This article, the first of two parts, examines the problems raised by the glut of information available through the web, and how to tame it. It is excerpted from the book Wicked Cool Java, written by Brian D. Eubanks (No Starch Press, 2005; ISBN: 1593270615).
In this chapter, we examine techniques for extracting and processing data in the World Wide Web and the Semantic Web. The World Wide Web completely changed the way that people access information. Before the Web existed, finding obscure pieces of information meant taking a trip to the library, along with hours or perhaps days of research. In extreme cases, it meant calling or writing a letter to an expert and waiting for a reply. Today not only are there websites on every imaginable topic, but there are search engines, encyclopedias, dictionaries, maps, news, electronic books, and an incredible array of other data available online. Using search engines, we can find information on any topic within a few seconds. The Google search engine has even become so well known that it is now often used as a verb: “I Googled a solution.” Online information is growing exponentially, and because of it we have a completely new problem on our hands that is not solved by simply using keyword searches to find our data. The problem is infoglut. Keyword searches return too many documents, and most of those documents don’t have the information that we want.

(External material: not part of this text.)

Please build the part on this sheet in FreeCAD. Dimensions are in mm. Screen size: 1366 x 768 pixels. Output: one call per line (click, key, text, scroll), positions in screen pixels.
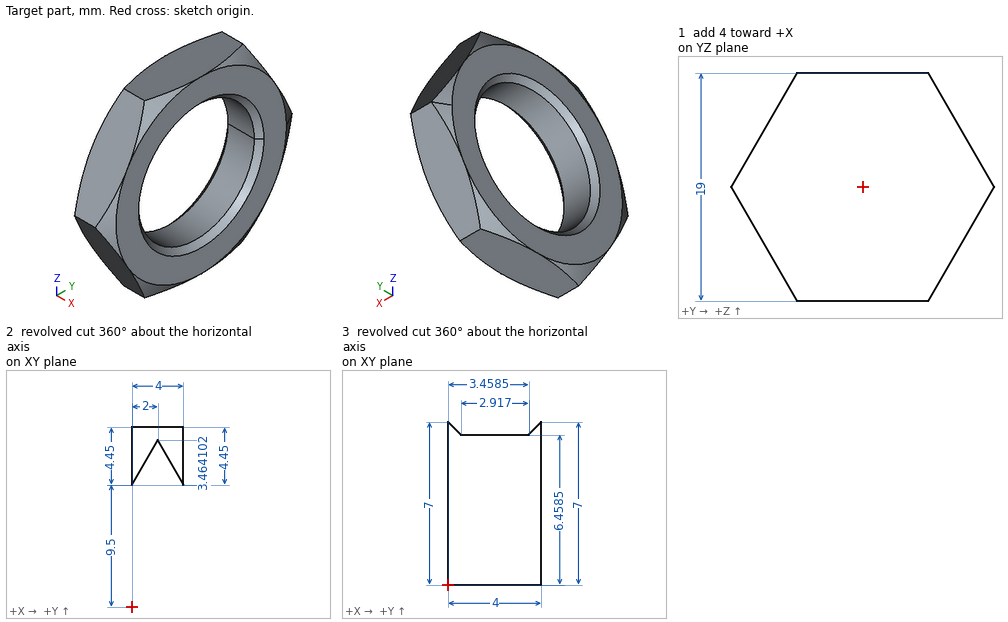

Suppose that we wanted to search for a Java class library that converts data from one format to another. With all the open-source projects out there, someone may have already solved the problem for us, and we’d rather not reinvent the wheel. In theory, we should be able to search for matching projects that meet our needs. But running a query on related keywords may give us many results that are not related to what we really want. In an ideal world, we should be able to ask the computer a question: “Is there an open-source Java API that converts between FORMAT1 and FORMAT2?” The computer should then search the Web and give us the name of a suitable API if it exists, along with a short description of the standard and links to more detailed information. For this to happen, information about a hypothetical “J-convert-1-2” API would need to be encoded in such a way that the computer can find it easily without performing a keyword search and extracting data from the text results.
Information on the World Wide Web is mostly free-form text contained in HTML pages and is mostly not organized into categories and structures that search programs can easily query. At the very least, all web content ought to have subject indicators similar to the Library of Congress and Dewey Decimal codes for books. This is not yet the case, although it will most likely happen soon. Several new standards are rapidly leading us in that direction. So far, all of these standards rely on web content developers adding special tags to their data, and few developers know about these standards at the present time. In short, it’s a mess out there, and we’re trudging through this messy data looking for nuggets of gold.
The Semantic Web is the next-generation web of concepts linked to other concepts, rather than a collection of hypertext documents linked by keywords. If you think about it, an HTML anchor tag (link) is a keyword reference to another document. It supplies a word or phrase that links to another document, usually displayed as underlined text on a browser. But the link doesn’t exactly say how the two documents are related to each other. HTML hyperlinks don’t give any real indication about relationships between files, and the text in the link may be extremely vague. A new standard, the Resource Description Framework (RDF), makes it possible to be much more specific about how things are related to each other. In fact, RDF describes much more than documents—any entities or concepts can be linked together. This is the basic idea behind the Semantic Web—that concepts, rather than documents, can be linked together.
As Java developers, how can we participate in building the Semantic Web? First, you’ll need to know something about official standards such as RDF. You will then need to tag your documents appropriately. Many sites are already starting to do some of this by creating RDF Site Summary (RSS) feeds. An RSS feed syndicates the content from a website so that it can be combined with information from other sites and delivered to the users as aggregated content. RSS makes a small portion of a site available as a summary, similar to what you see in an article or news abstract. However, RSS enabling is only the first step in moving toward a Semantic Web. In this chapter we’ll discuss enough to get you started working with RDF, and we’ll introduce some APIs that help in producing or consuming content.